To gain further insight into the role of Bcl-2 in RCC and its relation with better prognosis, we analysed AI, PI and the expression of caspase-3, p53 and correlations between Bcl-2 expression and these parameters. Bcl-2 expression was significantly associated with low AI. Furthermore, three of four cases with caspase-3 expression were Bcl-2 negative with high AI. Although only four of 101 specimens were caspase-3 positive, this might suggest caspase-3 involvement in apoptosis of tumour cells without Bcl-2 expression. Regarding the correlation between Bcl-2 expression and tumour-proliferative activity, an inverse correlation between them was reported in breast (Bozzetti et al, 1999), lung (Ishida et al, 1997) and endometrial carcinomas (Kuwashima et al, 1997). In the present study, Bcl-2 expression was also associated with low PI, which implies that Bcl-2 might be a negative controller of proliferation in RCC. This hypothesis was supported by previous findings that showed that Bcl-2 inhibited cell proliferation using bcl-2 trangenic mice (Pierce et al, 2002). Moreover, in the present study, there was a significant positive relation between AI and PI, and the result was consistent with previous findings (Tannapfel et al, 1997; Zhang and Takenaka, 2000).
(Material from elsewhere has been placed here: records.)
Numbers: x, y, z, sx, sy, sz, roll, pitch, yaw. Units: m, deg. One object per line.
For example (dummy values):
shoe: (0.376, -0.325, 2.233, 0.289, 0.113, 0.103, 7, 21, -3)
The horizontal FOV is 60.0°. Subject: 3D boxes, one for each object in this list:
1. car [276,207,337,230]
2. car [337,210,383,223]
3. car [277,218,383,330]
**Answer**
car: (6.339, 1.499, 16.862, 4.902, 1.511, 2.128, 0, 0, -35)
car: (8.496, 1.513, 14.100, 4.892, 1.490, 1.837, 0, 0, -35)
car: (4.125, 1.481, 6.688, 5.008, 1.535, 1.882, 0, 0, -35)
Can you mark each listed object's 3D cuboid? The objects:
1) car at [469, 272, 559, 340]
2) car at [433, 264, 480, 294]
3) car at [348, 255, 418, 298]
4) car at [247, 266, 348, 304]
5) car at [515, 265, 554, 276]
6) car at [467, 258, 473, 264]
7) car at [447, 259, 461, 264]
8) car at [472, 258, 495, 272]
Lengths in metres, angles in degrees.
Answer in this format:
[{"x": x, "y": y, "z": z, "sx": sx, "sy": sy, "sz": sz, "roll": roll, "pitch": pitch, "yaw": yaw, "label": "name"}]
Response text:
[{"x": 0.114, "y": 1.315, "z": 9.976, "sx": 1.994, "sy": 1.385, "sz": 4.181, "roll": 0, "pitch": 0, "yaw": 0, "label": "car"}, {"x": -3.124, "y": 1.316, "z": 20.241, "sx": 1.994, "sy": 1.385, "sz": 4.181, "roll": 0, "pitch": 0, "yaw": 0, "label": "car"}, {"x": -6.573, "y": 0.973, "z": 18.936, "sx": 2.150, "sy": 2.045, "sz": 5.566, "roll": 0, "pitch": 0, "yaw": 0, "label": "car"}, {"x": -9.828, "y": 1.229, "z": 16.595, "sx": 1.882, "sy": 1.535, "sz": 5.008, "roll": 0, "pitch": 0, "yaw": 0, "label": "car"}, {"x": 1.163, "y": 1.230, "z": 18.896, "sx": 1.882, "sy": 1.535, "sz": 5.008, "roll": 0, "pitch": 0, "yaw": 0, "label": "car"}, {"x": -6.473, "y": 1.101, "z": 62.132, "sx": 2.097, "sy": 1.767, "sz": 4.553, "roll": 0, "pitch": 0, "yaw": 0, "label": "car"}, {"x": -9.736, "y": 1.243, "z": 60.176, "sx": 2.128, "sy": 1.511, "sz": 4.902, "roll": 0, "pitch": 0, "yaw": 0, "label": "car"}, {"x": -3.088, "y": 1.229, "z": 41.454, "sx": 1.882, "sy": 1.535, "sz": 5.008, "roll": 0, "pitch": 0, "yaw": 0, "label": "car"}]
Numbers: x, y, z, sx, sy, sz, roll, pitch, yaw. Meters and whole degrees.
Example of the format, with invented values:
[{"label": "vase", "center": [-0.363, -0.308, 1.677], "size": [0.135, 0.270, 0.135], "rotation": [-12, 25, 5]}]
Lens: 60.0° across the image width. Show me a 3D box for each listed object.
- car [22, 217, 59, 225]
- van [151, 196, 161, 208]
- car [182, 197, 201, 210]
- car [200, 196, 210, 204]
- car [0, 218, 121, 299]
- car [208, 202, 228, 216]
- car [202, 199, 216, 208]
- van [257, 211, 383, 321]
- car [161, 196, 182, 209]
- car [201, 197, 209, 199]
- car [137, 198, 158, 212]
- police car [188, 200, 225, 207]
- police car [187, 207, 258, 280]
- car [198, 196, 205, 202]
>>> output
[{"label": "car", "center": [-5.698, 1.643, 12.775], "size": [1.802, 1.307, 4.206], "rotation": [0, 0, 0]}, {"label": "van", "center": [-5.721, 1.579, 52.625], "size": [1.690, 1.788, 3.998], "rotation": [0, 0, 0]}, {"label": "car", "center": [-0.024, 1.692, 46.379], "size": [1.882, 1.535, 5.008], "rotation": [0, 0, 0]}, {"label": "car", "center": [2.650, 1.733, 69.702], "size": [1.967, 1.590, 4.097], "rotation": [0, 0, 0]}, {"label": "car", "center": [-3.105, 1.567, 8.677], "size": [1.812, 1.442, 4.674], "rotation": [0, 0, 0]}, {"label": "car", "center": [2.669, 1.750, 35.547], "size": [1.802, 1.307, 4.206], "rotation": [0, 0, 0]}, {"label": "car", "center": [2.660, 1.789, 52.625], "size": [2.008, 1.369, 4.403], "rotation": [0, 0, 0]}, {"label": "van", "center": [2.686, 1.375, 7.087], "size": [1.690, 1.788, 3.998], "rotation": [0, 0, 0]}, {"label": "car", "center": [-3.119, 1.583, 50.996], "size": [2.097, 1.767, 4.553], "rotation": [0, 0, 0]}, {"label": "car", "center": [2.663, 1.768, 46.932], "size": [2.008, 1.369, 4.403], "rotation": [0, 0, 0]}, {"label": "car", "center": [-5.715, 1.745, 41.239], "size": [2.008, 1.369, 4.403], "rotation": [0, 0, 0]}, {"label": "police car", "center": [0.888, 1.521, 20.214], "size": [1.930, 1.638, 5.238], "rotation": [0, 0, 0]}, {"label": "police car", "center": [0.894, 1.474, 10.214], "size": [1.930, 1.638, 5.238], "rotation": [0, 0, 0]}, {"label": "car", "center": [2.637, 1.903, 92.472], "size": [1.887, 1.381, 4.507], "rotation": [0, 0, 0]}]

The following model is suggested to the present findings. RCC with a high rate of cell proliferation progresses rapidly to high stage and grade and results in the patient's death due to the disease. At the same time, such RCC demonstrates a high rate of spontaneous apoptosis due to accumulation of genetic alterations, hypoxia inside the tumour and other factors. Bcl-2 prevents both cell proliferation (Pierce et al, 2002) and apoptosis. Thus, Bcl-2-positive tumours may be slow growing and so possess less malignant potential. On the other hand, Bcl-2 as an antiapoptotic molecule protects tumour cells from induced apoptosis and may render RCC resistant to all kinds of apoptotic–triggering therapeutics, including chemotherapy and irradiation.

In conclusion, Bcl-2 expression may be a novel prognostic factor for better outcome of RCC patients. In cases without metastasis at surgery, Bcl-2 expression is an independent predictor of better prognosis.